EXERCISE DETAILS.
Working through the lines below, return each one that holds "length".

Collected data
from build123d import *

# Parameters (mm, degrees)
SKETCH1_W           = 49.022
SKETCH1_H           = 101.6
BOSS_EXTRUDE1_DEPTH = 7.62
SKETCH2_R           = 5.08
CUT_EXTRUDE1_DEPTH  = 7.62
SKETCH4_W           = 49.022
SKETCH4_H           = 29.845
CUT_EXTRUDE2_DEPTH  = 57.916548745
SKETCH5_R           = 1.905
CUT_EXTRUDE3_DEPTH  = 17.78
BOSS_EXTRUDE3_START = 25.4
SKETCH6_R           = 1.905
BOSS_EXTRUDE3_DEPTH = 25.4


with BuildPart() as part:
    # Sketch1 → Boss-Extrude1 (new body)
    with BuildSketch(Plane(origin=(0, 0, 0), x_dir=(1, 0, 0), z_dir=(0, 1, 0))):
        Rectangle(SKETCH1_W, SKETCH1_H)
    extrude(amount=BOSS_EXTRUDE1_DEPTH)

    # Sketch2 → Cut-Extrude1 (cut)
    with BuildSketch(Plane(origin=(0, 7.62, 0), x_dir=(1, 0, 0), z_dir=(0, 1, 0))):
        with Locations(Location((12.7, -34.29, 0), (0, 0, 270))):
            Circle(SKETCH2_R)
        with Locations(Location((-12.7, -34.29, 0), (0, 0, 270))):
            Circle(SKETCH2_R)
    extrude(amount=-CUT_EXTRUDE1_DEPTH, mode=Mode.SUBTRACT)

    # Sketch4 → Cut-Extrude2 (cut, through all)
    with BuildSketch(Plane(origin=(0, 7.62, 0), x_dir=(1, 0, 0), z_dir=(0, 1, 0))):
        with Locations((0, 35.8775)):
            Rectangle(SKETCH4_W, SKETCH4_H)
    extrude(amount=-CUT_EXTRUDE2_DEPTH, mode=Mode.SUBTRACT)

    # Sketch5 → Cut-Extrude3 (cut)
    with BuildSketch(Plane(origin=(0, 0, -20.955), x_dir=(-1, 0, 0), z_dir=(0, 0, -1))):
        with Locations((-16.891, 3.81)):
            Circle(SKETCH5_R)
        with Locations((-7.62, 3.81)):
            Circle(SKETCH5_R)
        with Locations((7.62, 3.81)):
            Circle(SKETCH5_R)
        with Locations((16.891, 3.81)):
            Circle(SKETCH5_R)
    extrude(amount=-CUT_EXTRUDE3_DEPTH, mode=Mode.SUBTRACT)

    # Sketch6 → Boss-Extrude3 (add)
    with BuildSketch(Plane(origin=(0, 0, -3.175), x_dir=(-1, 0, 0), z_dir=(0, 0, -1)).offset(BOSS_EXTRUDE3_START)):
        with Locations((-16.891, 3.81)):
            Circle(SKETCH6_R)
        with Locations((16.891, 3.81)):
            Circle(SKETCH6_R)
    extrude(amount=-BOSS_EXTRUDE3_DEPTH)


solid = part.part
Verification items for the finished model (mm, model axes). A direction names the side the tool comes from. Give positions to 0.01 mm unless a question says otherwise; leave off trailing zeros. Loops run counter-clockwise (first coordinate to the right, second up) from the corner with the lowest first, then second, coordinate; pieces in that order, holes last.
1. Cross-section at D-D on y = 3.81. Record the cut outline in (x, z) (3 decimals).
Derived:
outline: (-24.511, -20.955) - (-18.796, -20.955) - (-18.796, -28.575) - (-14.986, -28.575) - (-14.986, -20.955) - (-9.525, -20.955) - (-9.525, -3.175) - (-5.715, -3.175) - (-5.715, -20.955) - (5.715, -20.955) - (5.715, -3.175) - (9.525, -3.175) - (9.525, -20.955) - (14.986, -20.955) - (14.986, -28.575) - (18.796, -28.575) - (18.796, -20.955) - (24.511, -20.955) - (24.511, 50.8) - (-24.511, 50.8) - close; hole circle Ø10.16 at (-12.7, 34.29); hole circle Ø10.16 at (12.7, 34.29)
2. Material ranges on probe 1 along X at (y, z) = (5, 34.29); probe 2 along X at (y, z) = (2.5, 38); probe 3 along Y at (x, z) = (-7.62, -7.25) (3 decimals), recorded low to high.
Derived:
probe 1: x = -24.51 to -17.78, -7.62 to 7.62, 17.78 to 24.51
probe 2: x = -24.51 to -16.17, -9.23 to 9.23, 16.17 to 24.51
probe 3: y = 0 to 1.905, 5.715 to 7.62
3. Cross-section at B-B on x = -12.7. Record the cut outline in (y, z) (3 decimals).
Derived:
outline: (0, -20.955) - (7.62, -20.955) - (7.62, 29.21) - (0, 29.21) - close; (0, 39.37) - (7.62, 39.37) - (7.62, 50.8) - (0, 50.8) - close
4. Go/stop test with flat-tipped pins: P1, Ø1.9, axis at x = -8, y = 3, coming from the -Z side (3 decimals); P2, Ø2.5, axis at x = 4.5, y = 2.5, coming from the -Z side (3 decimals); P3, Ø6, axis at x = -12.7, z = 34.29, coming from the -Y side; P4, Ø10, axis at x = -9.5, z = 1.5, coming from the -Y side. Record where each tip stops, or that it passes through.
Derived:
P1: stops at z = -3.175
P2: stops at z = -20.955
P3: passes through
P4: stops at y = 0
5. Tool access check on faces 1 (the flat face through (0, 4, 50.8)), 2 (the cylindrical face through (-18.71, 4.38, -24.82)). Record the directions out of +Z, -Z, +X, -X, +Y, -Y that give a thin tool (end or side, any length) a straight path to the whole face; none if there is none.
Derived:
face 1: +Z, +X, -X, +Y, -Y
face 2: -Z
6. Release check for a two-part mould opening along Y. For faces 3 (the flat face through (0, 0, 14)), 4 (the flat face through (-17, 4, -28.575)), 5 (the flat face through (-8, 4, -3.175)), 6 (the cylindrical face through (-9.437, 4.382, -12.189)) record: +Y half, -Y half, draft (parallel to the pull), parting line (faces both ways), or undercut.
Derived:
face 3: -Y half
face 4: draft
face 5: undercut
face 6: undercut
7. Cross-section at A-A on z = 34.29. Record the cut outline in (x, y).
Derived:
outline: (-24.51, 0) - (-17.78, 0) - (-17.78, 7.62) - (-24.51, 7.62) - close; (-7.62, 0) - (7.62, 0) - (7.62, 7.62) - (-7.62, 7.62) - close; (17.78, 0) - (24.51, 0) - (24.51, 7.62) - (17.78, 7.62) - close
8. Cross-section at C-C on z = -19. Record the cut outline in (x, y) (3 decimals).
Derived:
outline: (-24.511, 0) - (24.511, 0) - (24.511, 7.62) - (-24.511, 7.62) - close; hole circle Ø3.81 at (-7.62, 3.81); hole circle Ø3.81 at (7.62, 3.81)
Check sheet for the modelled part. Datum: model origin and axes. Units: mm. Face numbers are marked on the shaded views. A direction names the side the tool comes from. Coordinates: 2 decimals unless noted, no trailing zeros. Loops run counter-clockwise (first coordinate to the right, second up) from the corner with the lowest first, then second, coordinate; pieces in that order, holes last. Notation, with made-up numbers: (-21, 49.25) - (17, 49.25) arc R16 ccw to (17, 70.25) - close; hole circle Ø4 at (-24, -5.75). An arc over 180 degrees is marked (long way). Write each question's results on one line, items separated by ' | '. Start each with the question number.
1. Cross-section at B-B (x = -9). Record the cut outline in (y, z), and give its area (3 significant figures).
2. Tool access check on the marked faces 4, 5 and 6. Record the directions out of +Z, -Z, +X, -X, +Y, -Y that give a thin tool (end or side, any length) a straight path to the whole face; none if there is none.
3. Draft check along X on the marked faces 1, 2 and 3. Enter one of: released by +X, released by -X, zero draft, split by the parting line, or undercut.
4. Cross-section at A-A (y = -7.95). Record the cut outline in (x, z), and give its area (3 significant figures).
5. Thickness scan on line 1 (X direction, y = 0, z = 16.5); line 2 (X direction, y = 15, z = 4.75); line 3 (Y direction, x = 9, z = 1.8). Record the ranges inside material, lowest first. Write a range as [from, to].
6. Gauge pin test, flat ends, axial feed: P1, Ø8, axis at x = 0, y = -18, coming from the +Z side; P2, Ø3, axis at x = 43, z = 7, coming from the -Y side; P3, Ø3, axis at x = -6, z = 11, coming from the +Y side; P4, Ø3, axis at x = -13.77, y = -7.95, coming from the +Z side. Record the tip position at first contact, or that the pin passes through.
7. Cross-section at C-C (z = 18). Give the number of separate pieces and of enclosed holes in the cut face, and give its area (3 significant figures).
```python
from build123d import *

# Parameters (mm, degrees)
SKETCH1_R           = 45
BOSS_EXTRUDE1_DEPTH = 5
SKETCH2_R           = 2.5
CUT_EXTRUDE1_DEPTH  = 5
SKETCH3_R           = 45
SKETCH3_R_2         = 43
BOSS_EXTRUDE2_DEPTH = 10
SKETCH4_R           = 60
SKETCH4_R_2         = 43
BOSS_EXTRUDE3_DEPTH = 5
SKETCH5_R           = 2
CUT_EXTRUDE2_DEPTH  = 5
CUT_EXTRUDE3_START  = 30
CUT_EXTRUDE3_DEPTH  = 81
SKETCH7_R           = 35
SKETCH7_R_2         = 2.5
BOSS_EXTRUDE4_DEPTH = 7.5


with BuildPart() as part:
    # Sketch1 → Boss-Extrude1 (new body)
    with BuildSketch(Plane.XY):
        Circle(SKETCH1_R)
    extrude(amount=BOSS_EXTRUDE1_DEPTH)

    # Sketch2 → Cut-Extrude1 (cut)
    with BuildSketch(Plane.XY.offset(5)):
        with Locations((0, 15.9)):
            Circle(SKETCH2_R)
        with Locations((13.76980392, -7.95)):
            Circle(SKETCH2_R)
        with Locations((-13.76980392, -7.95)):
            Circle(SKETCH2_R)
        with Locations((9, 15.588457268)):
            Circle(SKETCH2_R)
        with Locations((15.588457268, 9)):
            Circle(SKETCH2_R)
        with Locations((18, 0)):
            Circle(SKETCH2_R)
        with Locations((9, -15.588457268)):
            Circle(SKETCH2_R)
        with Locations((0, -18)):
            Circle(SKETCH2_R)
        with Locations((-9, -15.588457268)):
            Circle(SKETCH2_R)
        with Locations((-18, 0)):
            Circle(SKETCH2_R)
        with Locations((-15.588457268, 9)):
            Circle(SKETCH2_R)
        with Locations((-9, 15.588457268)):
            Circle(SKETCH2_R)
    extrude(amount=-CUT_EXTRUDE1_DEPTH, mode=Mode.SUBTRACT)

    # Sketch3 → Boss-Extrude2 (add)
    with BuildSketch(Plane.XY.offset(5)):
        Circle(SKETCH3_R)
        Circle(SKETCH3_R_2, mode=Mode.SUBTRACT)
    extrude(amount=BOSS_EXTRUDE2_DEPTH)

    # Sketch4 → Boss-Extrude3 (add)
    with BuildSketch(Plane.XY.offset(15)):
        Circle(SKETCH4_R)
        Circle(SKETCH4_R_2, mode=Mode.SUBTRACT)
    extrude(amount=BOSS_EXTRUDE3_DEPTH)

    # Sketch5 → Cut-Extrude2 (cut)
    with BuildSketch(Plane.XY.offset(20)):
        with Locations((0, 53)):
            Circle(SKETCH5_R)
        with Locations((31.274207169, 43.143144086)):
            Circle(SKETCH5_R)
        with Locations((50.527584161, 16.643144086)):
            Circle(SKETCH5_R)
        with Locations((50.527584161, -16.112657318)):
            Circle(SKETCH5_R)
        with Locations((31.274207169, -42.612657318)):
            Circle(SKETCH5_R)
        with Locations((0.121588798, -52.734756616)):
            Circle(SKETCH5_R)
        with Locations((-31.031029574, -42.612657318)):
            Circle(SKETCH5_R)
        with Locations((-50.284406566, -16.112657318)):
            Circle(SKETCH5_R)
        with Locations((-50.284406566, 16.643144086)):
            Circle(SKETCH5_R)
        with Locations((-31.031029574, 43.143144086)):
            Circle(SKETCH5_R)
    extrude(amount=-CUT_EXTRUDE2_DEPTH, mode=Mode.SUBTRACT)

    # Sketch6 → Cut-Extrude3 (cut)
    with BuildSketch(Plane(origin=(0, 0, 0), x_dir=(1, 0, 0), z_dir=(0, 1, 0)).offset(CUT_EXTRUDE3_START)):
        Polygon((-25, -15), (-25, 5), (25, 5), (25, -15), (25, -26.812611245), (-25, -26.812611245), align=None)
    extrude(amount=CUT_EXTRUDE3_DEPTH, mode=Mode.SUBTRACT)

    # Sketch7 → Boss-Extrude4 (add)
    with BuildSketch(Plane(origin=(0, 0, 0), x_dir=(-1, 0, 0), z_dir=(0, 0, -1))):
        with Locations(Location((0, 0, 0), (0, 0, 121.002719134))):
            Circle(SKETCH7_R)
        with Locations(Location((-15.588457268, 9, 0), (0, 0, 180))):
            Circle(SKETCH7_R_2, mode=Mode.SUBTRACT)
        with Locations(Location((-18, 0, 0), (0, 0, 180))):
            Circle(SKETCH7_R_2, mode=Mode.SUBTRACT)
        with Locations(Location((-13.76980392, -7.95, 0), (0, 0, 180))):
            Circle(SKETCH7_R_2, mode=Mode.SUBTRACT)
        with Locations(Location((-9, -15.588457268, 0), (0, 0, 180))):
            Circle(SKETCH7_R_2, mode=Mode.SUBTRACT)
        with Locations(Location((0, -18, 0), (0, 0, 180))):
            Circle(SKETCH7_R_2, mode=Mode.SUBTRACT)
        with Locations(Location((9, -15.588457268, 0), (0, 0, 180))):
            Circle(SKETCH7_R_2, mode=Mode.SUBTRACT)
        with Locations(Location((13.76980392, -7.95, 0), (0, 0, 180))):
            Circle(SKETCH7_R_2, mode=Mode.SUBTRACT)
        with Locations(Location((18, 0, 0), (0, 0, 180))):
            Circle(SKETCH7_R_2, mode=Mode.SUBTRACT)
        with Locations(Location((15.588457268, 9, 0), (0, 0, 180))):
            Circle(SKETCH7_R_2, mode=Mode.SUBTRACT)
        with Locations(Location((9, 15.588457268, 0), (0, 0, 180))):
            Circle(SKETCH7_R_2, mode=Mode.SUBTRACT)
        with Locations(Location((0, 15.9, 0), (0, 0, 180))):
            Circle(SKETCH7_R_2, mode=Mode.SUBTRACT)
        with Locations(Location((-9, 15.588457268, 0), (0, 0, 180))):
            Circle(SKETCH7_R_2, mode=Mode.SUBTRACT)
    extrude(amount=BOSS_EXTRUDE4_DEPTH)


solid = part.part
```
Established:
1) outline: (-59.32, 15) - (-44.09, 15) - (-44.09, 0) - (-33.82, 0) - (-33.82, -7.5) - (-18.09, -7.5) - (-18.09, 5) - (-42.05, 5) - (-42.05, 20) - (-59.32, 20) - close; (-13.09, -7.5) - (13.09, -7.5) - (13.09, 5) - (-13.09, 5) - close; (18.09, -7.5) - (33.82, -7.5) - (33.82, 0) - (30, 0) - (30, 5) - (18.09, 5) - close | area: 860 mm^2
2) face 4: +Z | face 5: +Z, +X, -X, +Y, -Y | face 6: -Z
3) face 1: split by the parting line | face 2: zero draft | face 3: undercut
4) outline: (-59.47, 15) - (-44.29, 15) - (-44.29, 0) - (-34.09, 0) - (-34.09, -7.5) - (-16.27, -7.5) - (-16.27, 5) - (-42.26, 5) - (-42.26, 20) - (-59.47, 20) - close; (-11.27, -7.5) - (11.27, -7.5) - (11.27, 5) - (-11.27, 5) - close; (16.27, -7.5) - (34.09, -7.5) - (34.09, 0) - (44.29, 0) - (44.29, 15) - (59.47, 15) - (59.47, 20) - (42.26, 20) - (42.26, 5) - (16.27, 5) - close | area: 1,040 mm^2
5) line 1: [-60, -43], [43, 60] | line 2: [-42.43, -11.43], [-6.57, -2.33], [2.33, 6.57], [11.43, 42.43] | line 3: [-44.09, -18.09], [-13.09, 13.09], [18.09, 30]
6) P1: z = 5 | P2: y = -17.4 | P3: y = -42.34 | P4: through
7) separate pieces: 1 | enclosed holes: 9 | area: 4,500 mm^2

COMPLETED EXERCISE.
5. Tool access check on faces 1 (the flat face through (0, 4, 50.8)), 2 (the cylindrical face through (-18.71, 4.38, -24.82)). Record the directions out of +Z, -Z, +X, -X, +Y, -Y that give a thin tool (end or side, any length) a straight path to the whole face; none if there is none.
2. Tool access check on the marked faces 4, 5 and 6. Record the directions out of +Z, -Z, +X, -X, +Y, -Y that give a thin tool (end or side, any length) a straight path to the whole face; none if there is none.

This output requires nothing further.